Read `references/mcp-wire.md` for the full wire format details.

## Testing

### Unit tests

`cargo test -p capsem-mcp` -- param serde roundtrips, UDS path resolution, tool router registration, schema constants.

`cargo test -p capsem-core mcp` -- gateway, policy, server manager, type serialization.

### Integration tests (Python)

The MCP integration tests (`tests/capsem-mcp/`) are black-box tests that boot a real service + VM and exercise the full MCP protocol over stdio.

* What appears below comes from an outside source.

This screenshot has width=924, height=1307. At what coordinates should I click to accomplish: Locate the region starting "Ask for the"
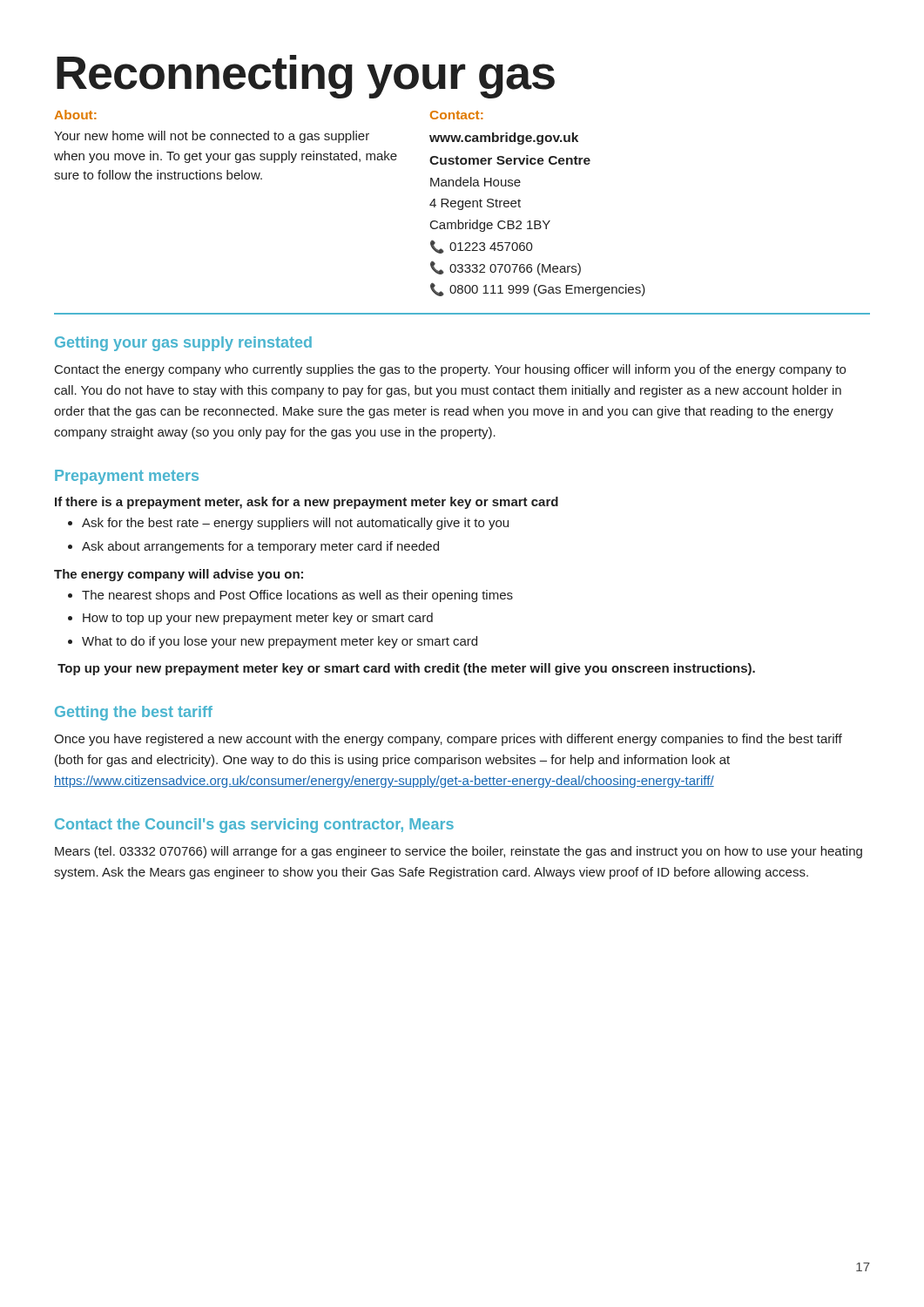click(x=296, y=522)
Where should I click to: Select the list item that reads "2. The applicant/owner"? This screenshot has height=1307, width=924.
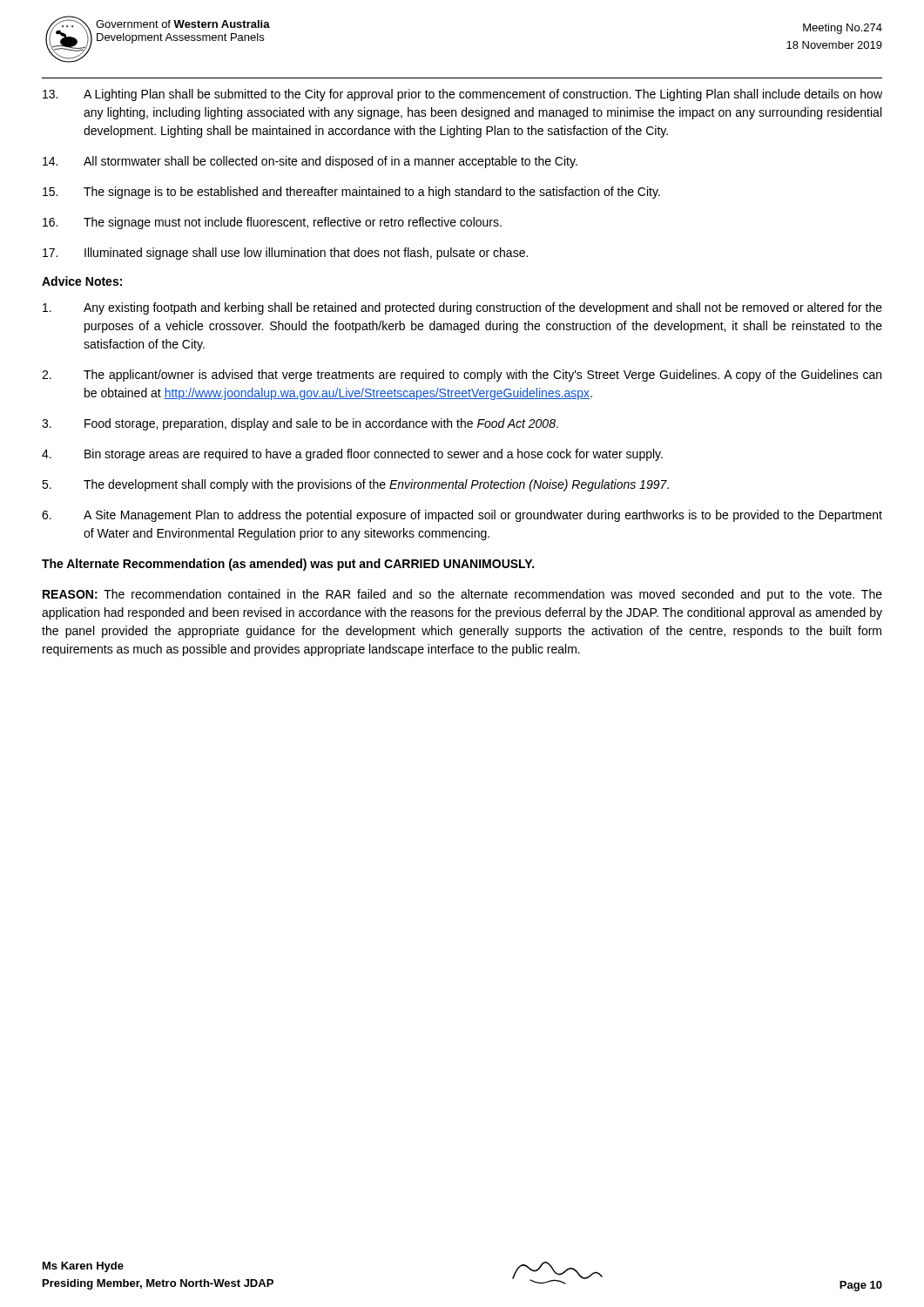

**Run with:** `just test-mcp` (or `pytest tests/capsem-mcp/ -m mcp -v`)

**Test files:**

| File | What it covers |
|------|---------------|
| `test_discovery.py` | Tool listing, schema validation |
| `test_lifecycle.py` | Create, delete, list, info, error paths |
| `test_exec.py` | Command execution, stdout/stderr, exit codes |
| `test_file_io.py` | Read/write, unicode, large payloads, edge cases |
| `test_inspect.py` | DB schema query, SQL execution, error cases |
| `test_errors.py` | Deleted VM ops, concurrent isolation, error mapping |
| `test_fork_images.py` | Fork lifecycle, image CRUD, create-from-image, error cases |
| `test_winter_is_coming.py` | Full fork e2e: install packages + write workspace, fork, verify survival, assert fork < 500ms and image < 12MB |

**Fixture architecture:**

- `capsem_service` (session scope) -- spawns capsem-service on isolated temp socket, codesigns binaries on macOS
- `mcp_session` (per-test) -- fresh capsem-mcp subprocess with JSON-RPC handshake, returns `McpSession` helper
- `shared_vm` (session scope) -- one long-lived VM for non-destructive tests, avoids repeated boot overhead
- `fresh_vm` (per-test factory) -- creates uniquely named VMs with auto-cleanup for destructive tests

**McpSession helper** (`tests/capsem-mcp/conftest.py`): wraps capsem-mcp subprocess with JSON-RPC 2.0 protocol. Key methods:
- `request(method, params)` -- send NDJSON, read response
- `call_tool(name, args)` -- call tool, assert success, parse JSON content
- `call_tool_raw(name, args)` -- raw response (no assertions)

### In-VM diagnostics

`just run "capsem-doctor -k mcp"` -- tests tool routing and domain blocking inside the guest.

### Manual validation

Boot interactively, run a workload, then inspect telemetry:
```bash
just run
# (in another terminal)
just inspect-session <vm_id> "SELECT * FROM mcp_calls"
```

Or use MCP tools directly (see "Fast debugging" section above) for the same workflow without leaving Claude Code.

## Lessons learned

1. **Never prepend headers to JSON output.** MCP tool responses with `format=json` must return raw, parseable JSON. Do not wrap JSON in pagination headers, content-length prefixes, or any other text. The `snapshots_changes` tool broke because `paginated_response()` prepended `"Content length: ...\nShowing: ...\n"` to the JSON array, making `json.loads()` fail. Rule: if a tool offers both text and JSON formats, branch early and return JSON directly without passing through text-oriented helpers like `paginated_response()`.